There are two substantive questions presented. [1] First: Does a judge of an inferior court have discretion to refuse to issue a warrant for arrest when a complaint is presented to him?

An affirmative answer is indicated for the following reasons. [182 Cal. App. 2d 755] Section 1427 of the Penal Code fn. 1 contains the express condition that the judge to whom the complaint is presented be satisfied therefrom that the offense complained of has been committed before issuing a warrant for arrest. While no cases directly in point have been cited by either party or discovered by us, the discretionary nature of the official duty as implied by the italicized condition appears to have been recognized in People v. Barnhart, 37 Cal. App. 2d Supp. 748 [94 P.2d 411], and In re Roth, 3 Cal.
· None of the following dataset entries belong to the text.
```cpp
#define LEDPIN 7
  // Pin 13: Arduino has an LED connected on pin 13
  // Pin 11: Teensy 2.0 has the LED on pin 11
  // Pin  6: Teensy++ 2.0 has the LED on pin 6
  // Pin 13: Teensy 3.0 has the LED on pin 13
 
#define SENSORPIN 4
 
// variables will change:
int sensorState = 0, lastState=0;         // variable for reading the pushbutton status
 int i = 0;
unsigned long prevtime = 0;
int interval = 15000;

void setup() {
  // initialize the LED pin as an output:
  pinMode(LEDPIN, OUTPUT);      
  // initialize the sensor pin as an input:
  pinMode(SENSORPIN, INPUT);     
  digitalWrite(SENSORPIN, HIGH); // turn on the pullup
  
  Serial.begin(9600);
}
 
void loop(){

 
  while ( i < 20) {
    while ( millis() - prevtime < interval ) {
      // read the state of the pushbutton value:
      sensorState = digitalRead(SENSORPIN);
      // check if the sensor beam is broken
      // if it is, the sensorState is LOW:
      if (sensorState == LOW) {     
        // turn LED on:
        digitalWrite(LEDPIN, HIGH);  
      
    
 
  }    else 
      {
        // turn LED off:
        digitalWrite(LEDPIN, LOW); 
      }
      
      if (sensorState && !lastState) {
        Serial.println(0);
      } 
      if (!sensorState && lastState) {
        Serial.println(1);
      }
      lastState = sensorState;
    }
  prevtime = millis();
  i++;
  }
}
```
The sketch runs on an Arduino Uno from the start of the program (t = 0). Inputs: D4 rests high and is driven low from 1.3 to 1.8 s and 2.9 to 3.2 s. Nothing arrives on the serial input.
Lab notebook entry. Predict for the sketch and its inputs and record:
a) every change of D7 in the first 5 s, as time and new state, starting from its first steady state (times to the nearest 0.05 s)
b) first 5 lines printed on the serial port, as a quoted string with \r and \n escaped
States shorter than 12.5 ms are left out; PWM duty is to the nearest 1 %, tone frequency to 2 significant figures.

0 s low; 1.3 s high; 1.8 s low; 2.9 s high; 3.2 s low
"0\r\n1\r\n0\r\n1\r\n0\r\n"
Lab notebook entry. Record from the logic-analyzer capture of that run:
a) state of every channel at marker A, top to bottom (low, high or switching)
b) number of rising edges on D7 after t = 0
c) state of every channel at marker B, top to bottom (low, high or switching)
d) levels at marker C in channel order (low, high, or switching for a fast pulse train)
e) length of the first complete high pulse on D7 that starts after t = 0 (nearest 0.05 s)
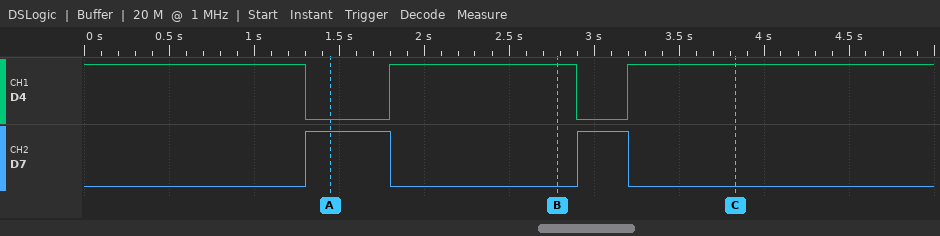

App. 2d 226 [39 P.2d 490]. Also in Kerr v. Superior Court, 130 Cal. 183 [62 P. 479], it was said "... and, as to magistrates, no one would claim that they could be compelled by mandamus to issue warrants of arrest ..." High's Extraordinary Legal Remedies, section 257, and United States v. Lawrence, 3 Dall (U.S.) 42 [1 L. Ed. 502] are cited. [2] It is only where a court has refused to perform a clear duty, unmixed with discretionary power or the exercise of judgment that mandamus will issue (De Forrest v. Coffey, 154 Cal. 444 [98 P. 27]; Bender v. Hutton, 160 Cal. 372 [117 P. 322]); it is the duty of the petitioner to show that the duty sought to be enforced does not involve judgment or discretion. (Tomkin v. Harris, 90 Cal. 202 [27 P. 202].) As was held in United States v. Lawrence, supra, a district judge in refusing to issue a warrant was acting in a judicial capacity. We have had recent occasion in a converse situation to hold that where a judge issued a warrant where jurisdiction was a doubtful question a judicial function was involved and that if the question was erroneously resolved the judge was nevertheless entitled to judicial immunity. (Taliaferro v. County of Contra Costa, No. 18787, ante, p. 587 [6 Cal. Rptr. 231].) As to the first count, insofar as concerns the judicial district judge, the order sustaining the demurrer without leave to amend was correct.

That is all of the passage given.